However, the wost thing about it, from a crew standpoint, is that it’s in space. Then again, it wouldn’t be the ISS if it wasn’t.
The reason? It’s difficult to control your movement, let alone work, in the absence of gravity. Remember, though, that lack of gravity is crucial to some of the experiments that are performed there.
Still, zero gravity is a bit rough on the personnel in the long run. Returning astronauts and cosmonauts invariably lose muscle mass and physical strength on long missions.
So how could it be made more comfortable?
Simple, at least in theory. Find a way to simulate gravity while in orbit.
How could this be done?
A constantly rotating module would do exactly that, though it may not provide the same amount of gravity we have on Earth (1 G).
Imagine being inside a large spinning drum. You’d feel yourself being pulled towards the outer wall, which would appear to you to have a curving floor. Some of the systems inside it, especially plumbing, would have to be self-contained, but it would work.
But wait! I know what you’re thinking…what about Newton’s First Law?
Every action has an equal and opposite reaction, right?
If one part of the station began to spin, the rest of the station would begin to spin in the opposite direction. The ISS isn’t designed to do that, and would most likely be torn apart if that happened.
Fortunately, again in theory, this is easy to overcome. A drum or flywheel, using the same axis and rotating in the opposite direction as the drum, would cancel out the torque and allow for safe operation.

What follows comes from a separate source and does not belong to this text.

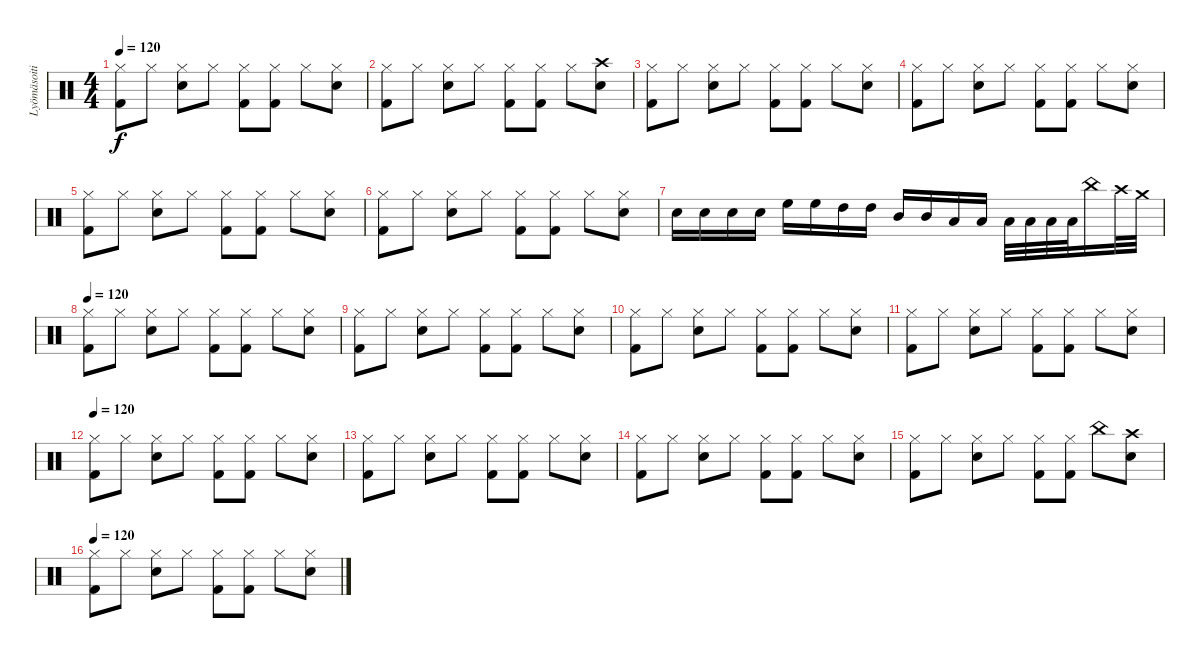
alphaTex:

In fact, it’s simple enough an idea that Bigelow Aerospace is actually developing a module call BEAM (Bigelow Expandable Activity MOdule) to do exactly that. While not terribly large, it could allow for things like easier sleep, eating, and exercise for the astronauts in orbit. Imagine being able to someday go into a real kitchen and cook something in space, or go for a jog!
So if you were designing such a module, what would it look like? How big would it be and what would you put in it?